Segment Start: Material provided
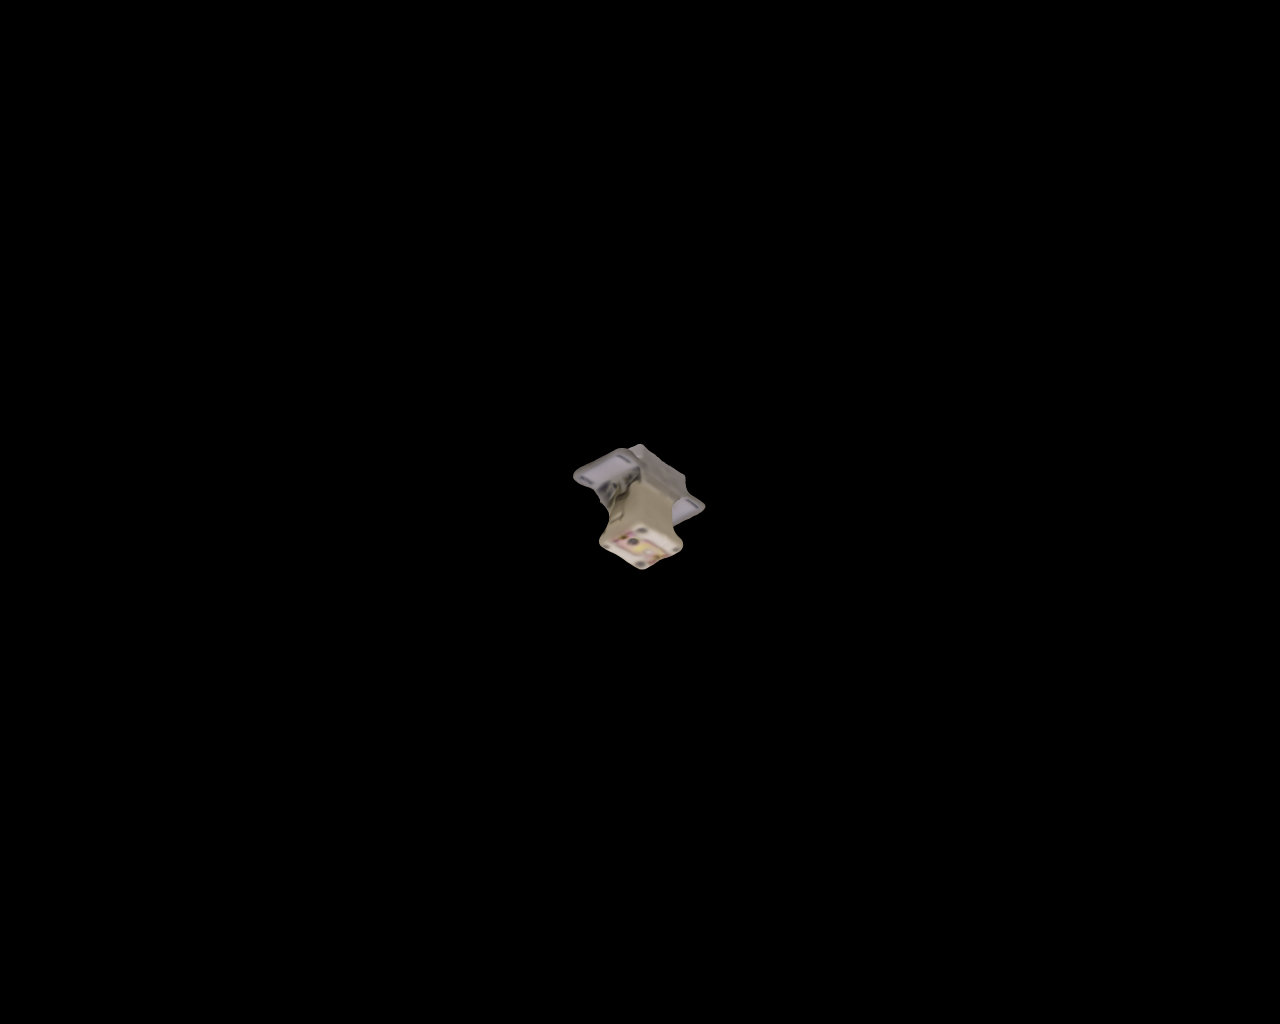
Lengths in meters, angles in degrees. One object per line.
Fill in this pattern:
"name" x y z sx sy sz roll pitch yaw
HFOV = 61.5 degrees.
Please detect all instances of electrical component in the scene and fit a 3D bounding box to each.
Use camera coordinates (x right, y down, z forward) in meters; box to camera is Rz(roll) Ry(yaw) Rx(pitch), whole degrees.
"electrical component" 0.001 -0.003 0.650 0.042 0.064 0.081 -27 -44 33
Segment End: Material provided
Segment Start: Material provided
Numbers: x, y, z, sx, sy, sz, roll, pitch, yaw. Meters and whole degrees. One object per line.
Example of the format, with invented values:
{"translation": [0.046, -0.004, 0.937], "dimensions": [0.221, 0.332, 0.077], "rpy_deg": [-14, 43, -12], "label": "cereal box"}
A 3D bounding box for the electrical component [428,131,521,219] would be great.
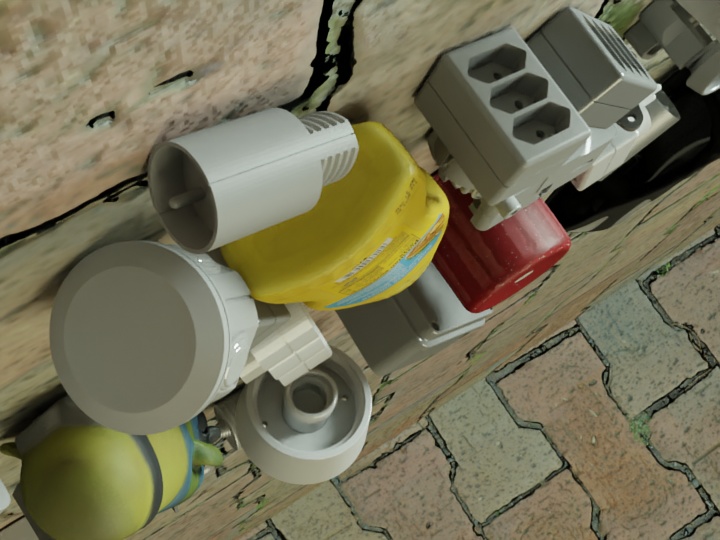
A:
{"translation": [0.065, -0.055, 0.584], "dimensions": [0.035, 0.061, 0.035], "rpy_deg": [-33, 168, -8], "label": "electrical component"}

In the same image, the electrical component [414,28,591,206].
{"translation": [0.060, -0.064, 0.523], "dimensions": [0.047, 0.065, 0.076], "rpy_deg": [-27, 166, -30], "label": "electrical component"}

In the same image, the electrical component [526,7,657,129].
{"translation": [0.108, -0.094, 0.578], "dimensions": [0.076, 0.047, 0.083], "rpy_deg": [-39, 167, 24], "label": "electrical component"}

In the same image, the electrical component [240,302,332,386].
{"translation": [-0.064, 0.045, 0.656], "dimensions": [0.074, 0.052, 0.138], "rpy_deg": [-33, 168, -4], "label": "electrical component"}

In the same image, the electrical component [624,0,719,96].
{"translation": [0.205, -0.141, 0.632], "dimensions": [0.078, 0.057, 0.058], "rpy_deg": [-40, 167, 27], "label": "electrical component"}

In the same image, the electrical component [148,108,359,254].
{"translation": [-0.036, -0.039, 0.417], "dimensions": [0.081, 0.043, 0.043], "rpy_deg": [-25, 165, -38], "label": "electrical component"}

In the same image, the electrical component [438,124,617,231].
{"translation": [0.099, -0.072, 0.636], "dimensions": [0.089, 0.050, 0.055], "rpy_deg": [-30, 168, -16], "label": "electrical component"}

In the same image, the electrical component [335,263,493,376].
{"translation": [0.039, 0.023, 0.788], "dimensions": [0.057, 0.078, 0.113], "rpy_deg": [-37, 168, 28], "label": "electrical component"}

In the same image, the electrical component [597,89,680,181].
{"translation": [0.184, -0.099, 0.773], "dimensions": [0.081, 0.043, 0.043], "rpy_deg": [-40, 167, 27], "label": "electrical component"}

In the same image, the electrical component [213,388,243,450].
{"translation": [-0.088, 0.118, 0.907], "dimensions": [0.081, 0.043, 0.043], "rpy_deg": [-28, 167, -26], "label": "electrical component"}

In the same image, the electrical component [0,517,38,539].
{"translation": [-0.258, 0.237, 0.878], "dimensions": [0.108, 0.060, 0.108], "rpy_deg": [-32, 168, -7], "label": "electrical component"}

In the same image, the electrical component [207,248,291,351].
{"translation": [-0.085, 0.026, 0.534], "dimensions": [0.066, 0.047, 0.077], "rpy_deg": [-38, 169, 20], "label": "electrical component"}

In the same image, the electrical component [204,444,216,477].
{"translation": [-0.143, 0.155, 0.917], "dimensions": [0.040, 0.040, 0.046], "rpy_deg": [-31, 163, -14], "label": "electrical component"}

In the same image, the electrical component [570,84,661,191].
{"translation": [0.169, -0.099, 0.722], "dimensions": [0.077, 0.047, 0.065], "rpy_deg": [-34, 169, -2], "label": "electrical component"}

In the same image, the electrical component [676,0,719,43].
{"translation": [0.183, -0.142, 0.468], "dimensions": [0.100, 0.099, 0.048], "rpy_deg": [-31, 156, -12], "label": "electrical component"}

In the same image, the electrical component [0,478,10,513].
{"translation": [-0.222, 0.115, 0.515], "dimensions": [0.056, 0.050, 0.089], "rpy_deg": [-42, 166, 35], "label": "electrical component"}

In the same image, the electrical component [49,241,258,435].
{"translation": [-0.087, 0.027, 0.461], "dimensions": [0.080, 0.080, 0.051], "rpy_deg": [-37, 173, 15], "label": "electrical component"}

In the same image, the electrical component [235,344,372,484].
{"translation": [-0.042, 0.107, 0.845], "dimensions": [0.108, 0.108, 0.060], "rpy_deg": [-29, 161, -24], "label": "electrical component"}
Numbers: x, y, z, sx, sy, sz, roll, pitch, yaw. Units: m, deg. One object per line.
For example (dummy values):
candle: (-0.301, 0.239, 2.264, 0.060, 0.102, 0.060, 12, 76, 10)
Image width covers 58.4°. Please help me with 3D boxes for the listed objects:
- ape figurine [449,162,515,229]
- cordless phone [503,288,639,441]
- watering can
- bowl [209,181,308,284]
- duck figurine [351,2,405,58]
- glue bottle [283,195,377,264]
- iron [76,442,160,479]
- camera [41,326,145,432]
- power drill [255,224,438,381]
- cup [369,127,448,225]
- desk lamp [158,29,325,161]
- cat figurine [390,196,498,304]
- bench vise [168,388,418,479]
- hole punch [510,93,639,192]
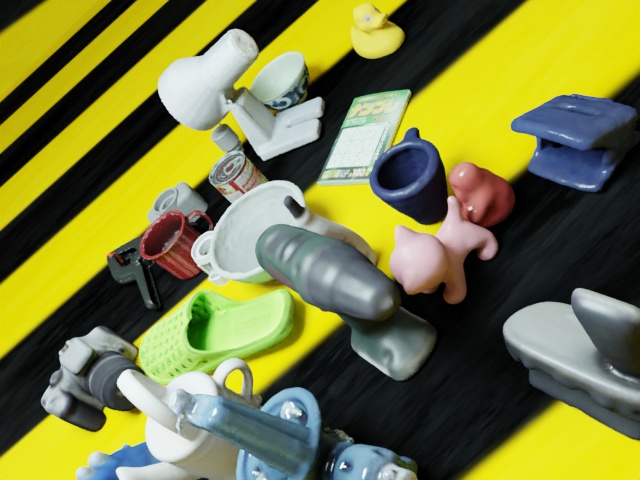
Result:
Segment End: Material provided
Segment Start: Material provided
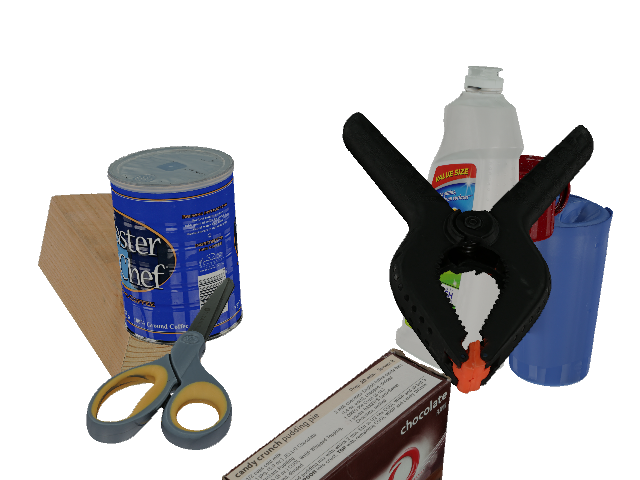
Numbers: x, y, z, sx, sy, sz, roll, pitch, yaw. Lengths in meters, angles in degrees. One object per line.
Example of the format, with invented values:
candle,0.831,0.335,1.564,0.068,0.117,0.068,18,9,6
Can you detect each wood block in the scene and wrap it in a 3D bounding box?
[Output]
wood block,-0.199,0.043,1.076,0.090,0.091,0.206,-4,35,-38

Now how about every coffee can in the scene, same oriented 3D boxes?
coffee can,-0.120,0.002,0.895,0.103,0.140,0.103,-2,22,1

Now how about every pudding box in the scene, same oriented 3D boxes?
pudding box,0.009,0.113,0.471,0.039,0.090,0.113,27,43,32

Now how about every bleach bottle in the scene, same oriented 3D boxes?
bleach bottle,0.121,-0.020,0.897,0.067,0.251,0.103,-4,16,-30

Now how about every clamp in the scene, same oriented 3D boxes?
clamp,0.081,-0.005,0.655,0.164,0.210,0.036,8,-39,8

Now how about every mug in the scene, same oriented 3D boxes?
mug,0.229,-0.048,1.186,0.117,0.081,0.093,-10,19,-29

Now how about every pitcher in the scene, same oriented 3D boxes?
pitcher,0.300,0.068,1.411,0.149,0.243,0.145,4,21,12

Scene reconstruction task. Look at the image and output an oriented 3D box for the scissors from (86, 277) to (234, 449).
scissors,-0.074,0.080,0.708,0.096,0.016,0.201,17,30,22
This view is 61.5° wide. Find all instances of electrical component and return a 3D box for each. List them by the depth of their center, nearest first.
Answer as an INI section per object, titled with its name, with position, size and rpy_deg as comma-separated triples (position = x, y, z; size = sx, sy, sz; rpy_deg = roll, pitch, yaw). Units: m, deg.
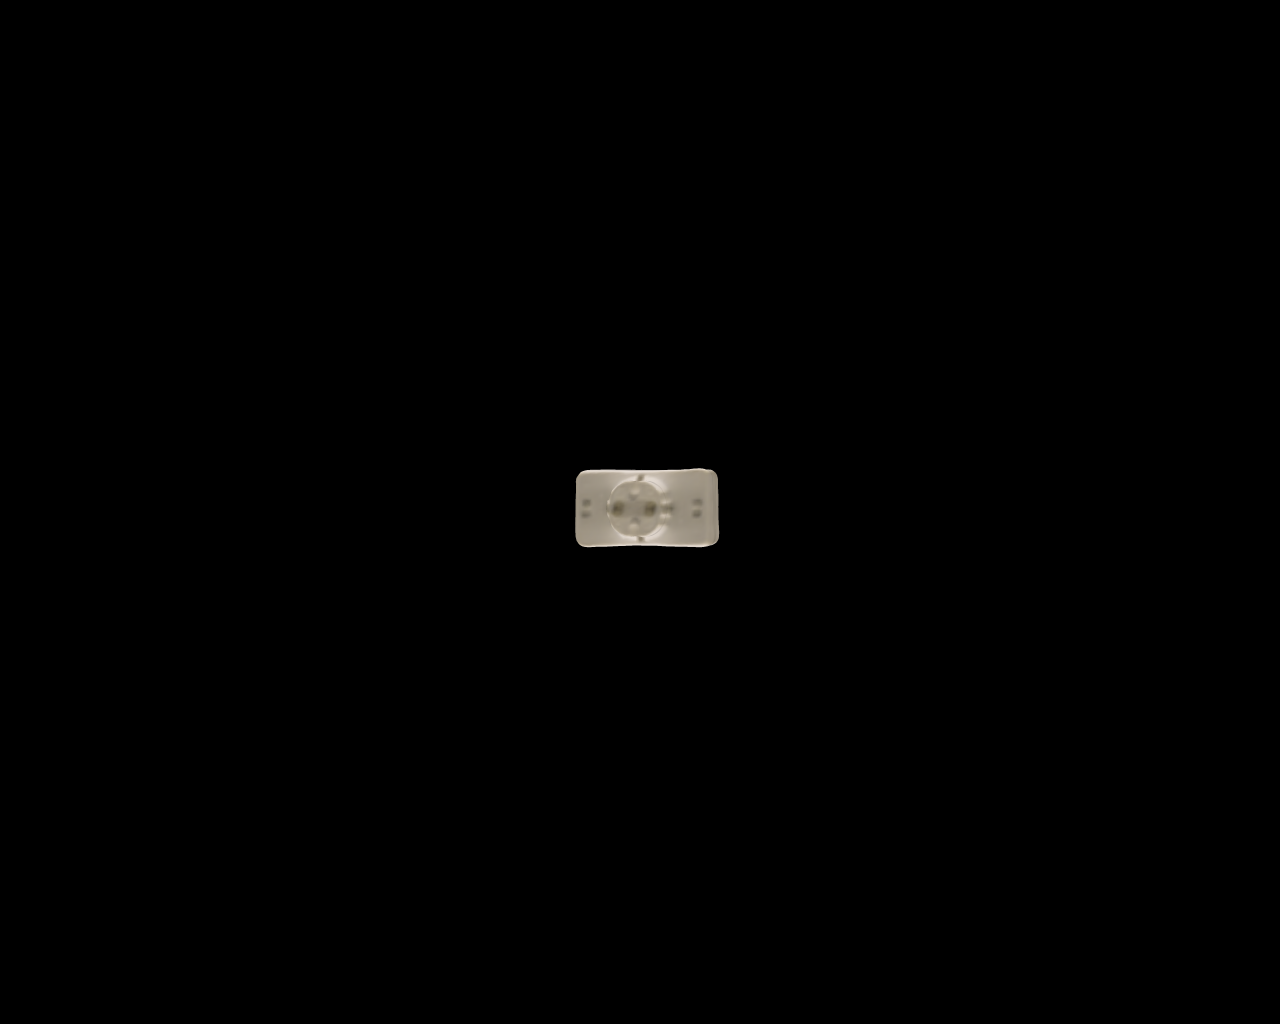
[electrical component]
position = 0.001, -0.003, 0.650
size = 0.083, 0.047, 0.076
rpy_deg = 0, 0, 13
Segment End: Material provided
__Work item__: Go to the line in the material above that contains "candle: (-0.301, 0.239, 2.264, 0.060, 0.102, 0.060, 12, 76, 10)" and copy exactly from there through the line that contains "- cat figurine [390,196,498,304]", stopping after it.

__Reply to the task__:
candle: (-0.301, 0.239, 2.264, 0.060, 0.102, 0.060, 12, 76, 10)
Image width covers 58.4°. Please help me with 3D boxes for the listed objects:
- ape figurine [449,162,515,229]
- cordless phone [503,288,639,441]
- watering can
- bowl [209,181,308,284]
- duck figurine [351,2,405,58]
- glue bottle [283,195,377,264]
- iron [76,442,160,479]
- camera [41,326,145,432]
- power drill [255,224,438,381]
- cup [369,127,448,225]
- desk lamp [158,29,325,161]
- cat figurine [390,196,498,304]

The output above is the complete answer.